Apple in drive against excessive overtime at Chinese factories
Technology giant expands tracking of working hours to cover more than one million staff employed in its production supply chain
Apple, the world's biggest technology company, has started monitoring weekly data on the working hours of more than one million employees in its production supply chain, which is largely located in China.
The iPhone and iPad maker quietly expanded this coverage last month from about 500,000 workers tracked in January, according to the company's updated "Supplier Responsibility Progress Report" published online.
"Ending … excessive overtime is a top priority for Apple in 2012," the report said.
Independent auditor the Fair Labor Association (FLA) said in August that Apple and its primary manufacturing contractor, Hon Hai Precision Industry, have made "steady progress" in trimming working hours and boosting safety measures at their three biggest mainland factories since more than 50 violations were uncovered by a comprehensive inspection in February.
Apple had revealed on January 13 its tightly guarded list of suppliers after announcing that it was admitted by the Washington-based FLA. Apple said the 156 companies in the list accounted for more than 97 per cent of its entire supply chain.
"Going deep into our supply chain, we now follow weekly supplier data for over 1 million workers," the updated Apple supplier report said. "In November, 88 per cent of workweeks were less than the 60-hour maximum specified in Apple's code of conduct."

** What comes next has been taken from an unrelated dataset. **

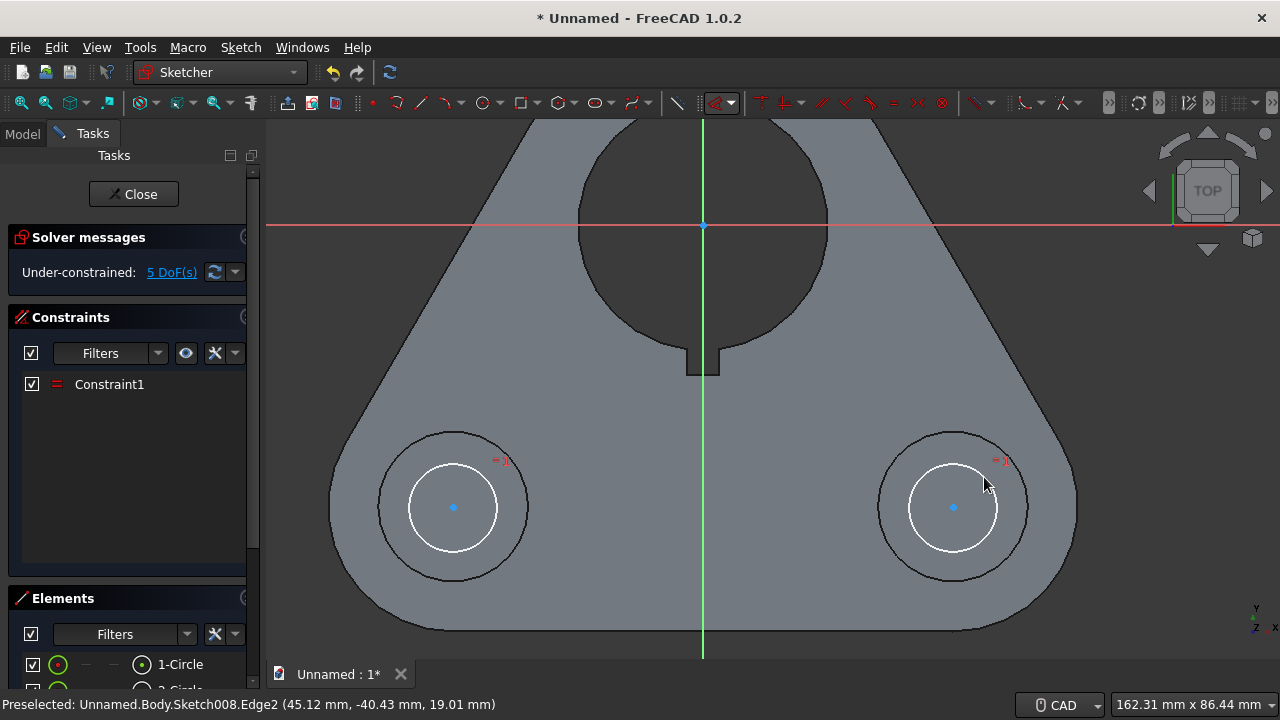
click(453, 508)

The company added: "In limited peak periods, we allow work beyond the 60-hour limit for those employees that volunteer to do so."
The FLA said in August that Hon Hai, whose manufacturing subsidiaries are collectively known under the trade name of Foxconn Technology Group, cut working time to 60 hours a week, with the goal of meeting the 40-hour legal limit next July. The group also increased wages and enforced stricter working hours for interns.
Hon Hai, which employs about 1.2 million people across its electronics operations, had earlier been accused of labour-rights abuses which led to a series of worker suicides in 2010 and a fatal industrial accident last year.
The FLA's initial audit in February surveyed 35,000 workers at Foxconn's Apple-related operations in Guanlan and Longhua in Guangdong province and Chengdu in Sichuan province. It found that workers each averaged 56 hours per week, with maximum weekly working hours averaging 61 hours.
About 48 per cent of the employees surveyed thought that working hours were reasonable, 34 per cent would like to make more money and 18 per cent felt they worked too much.
In its updated supplier report, Apple said: "Our approach to reducing excessive working hours has evolved over the years from a small seed programme into a comprehensive approach that interlinks training, management consultation, integration with procurement decisions, and verification of work-hour practices and systems."
Apple also said its audits have been expanded to include 28 suppliers in Malaysia and Singapore.